MG: For me, I have a psychiatrist. I have a neuro-chemical mental illness. I was born with it; it deals with neurotransmitters at the nucleic level, so medication is required.
My mental illness is saying like if you had diabetes and you went to your endocrinologist and they said,’ Oh, don’t worry about it, it’s flu. Just go do hot yoga.” {Laughs). “Everything will be fine.’ It just doesn’t fucking work that way. The same with schizophrenics – you don’t just go, “Just meditate dude – you’ve got it under control.”
I have a fantastic psychiatrist. But it’s massively important. If you’re someone who struggles with any kind of traumatic stress; with depression, with anxiety, with any kind of thing – an outlet is massively important. An impartial outlet, even more so.
Because anyone in the family and the rest of it – there will be compassion and sympathy, but there won’t be complete impartiality. You need someone that can not only listen to you but be an educated guide with regards to the realities of what it is that you’re dealing with and facing – and in a long-term sense – not a short-term sense.
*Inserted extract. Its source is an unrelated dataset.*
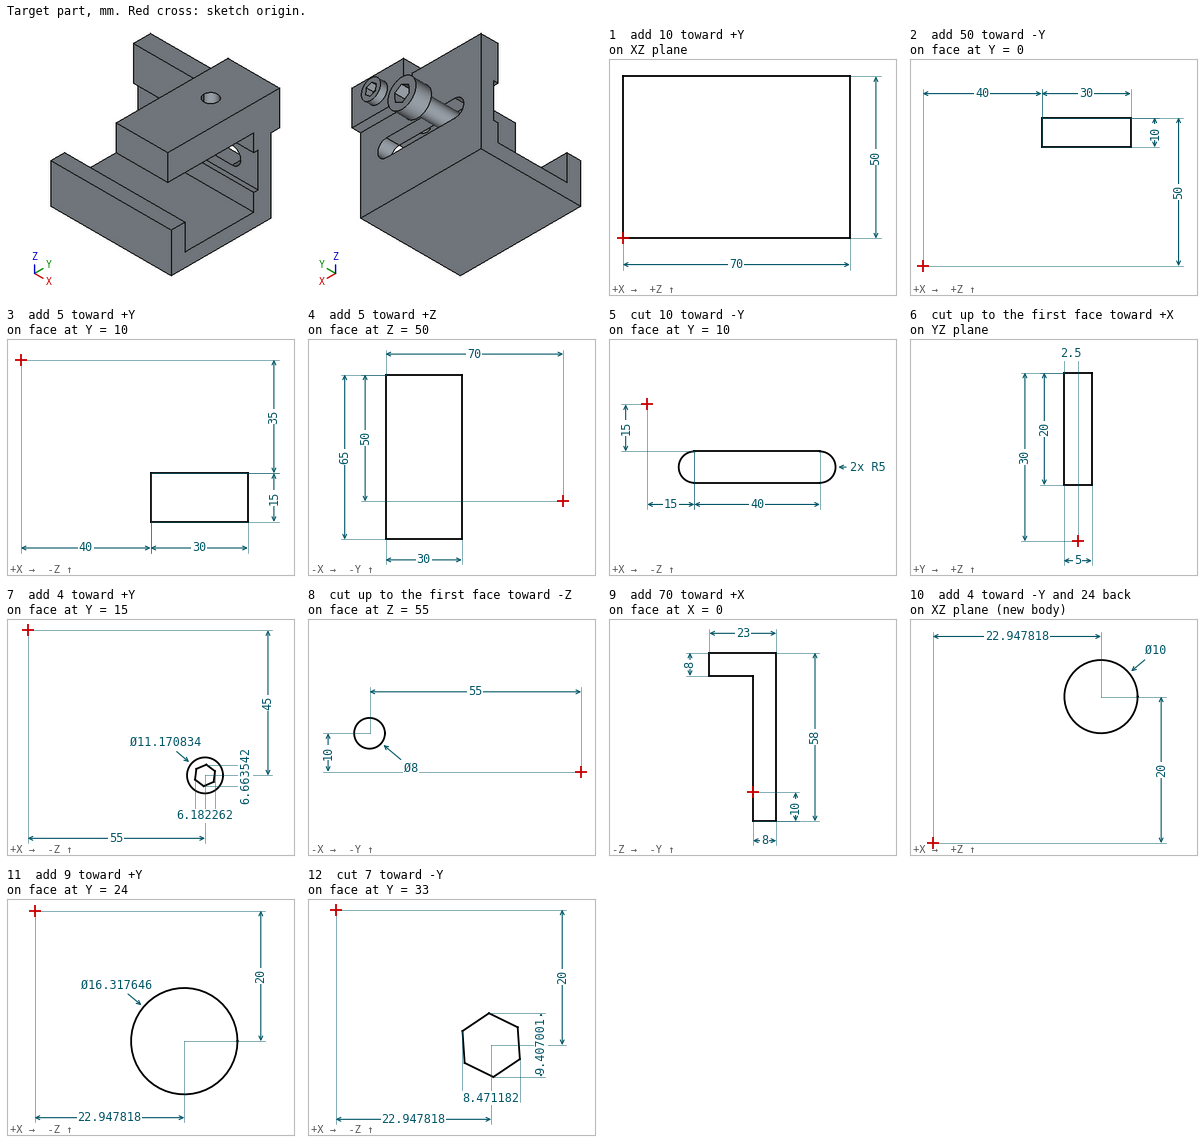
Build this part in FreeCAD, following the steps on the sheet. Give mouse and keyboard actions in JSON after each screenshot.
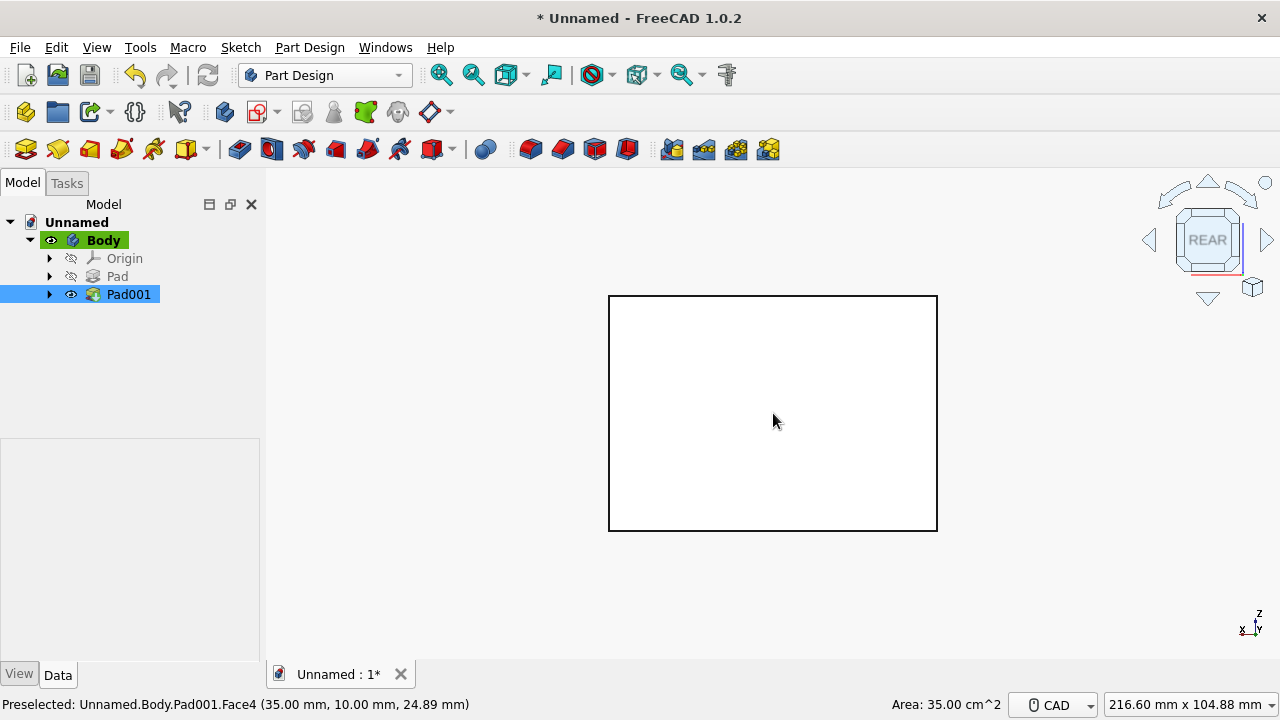
{"action": "left_click", "coordinate": [258, 112]}

Short terms answers are easy; long-term enaction of diagnosis is more relevant than anything. You can’t just go in for four sessions and have a person say, “well, this, this and this.” There has to be kind of a progress to it where you have the ability to go back to that touchstone and report in and go, “is this discourse of action working?”
NK: How do you know you’ve found the right one for you?
MG: Well, that’s difficult in this day and age. When it comes to psychologists, for the most part, they’re not covered by fucking medical. So, and trying to see a psychiatrist in this country, you might as well try to book a four-year vacation to the fucking moon before you’re going to get in to see someone, especially if you’re in a small town.
They’re almost like an endangered species there. And even in those cases, you might be dealing with some poor son of a bitch whose workload is so overwhelming that he’s ready to jump off a fucking bridge.
But it’s important. Therein lies the problem – it’s a conundrum.